== Source material ==
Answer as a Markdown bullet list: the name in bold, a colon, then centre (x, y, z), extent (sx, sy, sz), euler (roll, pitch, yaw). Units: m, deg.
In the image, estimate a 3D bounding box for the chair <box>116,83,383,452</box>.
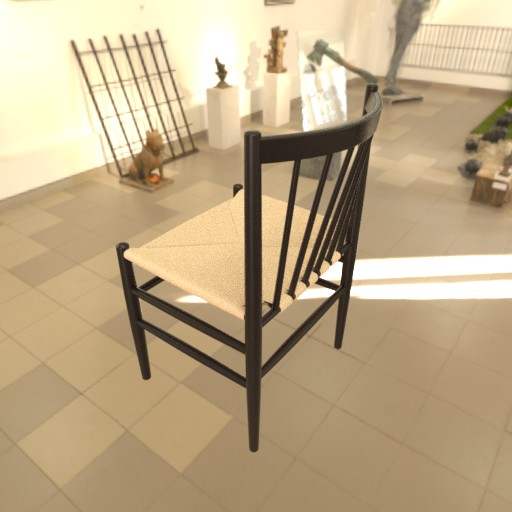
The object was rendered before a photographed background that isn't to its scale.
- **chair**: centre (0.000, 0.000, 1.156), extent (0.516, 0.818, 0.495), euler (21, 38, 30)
===
== Source material ==
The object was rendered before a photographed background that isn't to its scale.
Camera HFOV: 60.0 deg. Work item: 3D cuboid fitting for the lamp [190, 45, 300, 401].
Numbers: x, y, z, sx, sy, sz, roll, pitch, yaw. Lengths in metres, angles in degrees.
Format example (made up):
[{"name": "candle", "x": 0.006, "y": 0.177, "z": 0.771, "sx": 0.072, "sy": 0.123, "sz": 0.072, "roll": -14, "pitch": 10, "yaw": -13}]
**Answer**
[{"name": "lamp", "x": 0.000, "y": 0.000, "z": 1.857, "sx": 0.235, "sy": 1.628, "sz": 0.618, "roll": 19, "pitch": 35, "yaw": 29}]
===
== Source material ==
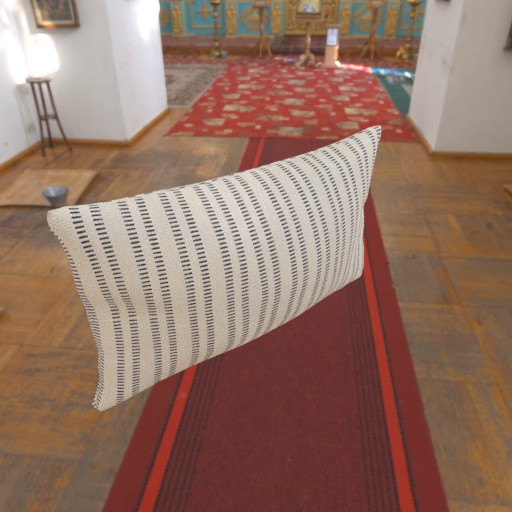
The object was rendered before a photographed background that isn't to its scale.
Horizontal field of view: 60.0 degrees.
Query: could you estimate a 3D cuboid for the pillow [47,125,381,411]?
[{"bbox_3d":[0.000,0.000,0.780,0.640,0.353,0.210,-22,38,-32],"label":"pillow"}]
===
In the listing, find each line with the string "degrees" and copy it.

**Answer to the problem**.
Numbers: x, y, z, sx, sy, sz, roll, pitch, yaw. Lengths in metres, angles in degrees.
Horizontal field of view: 60.0 degrees.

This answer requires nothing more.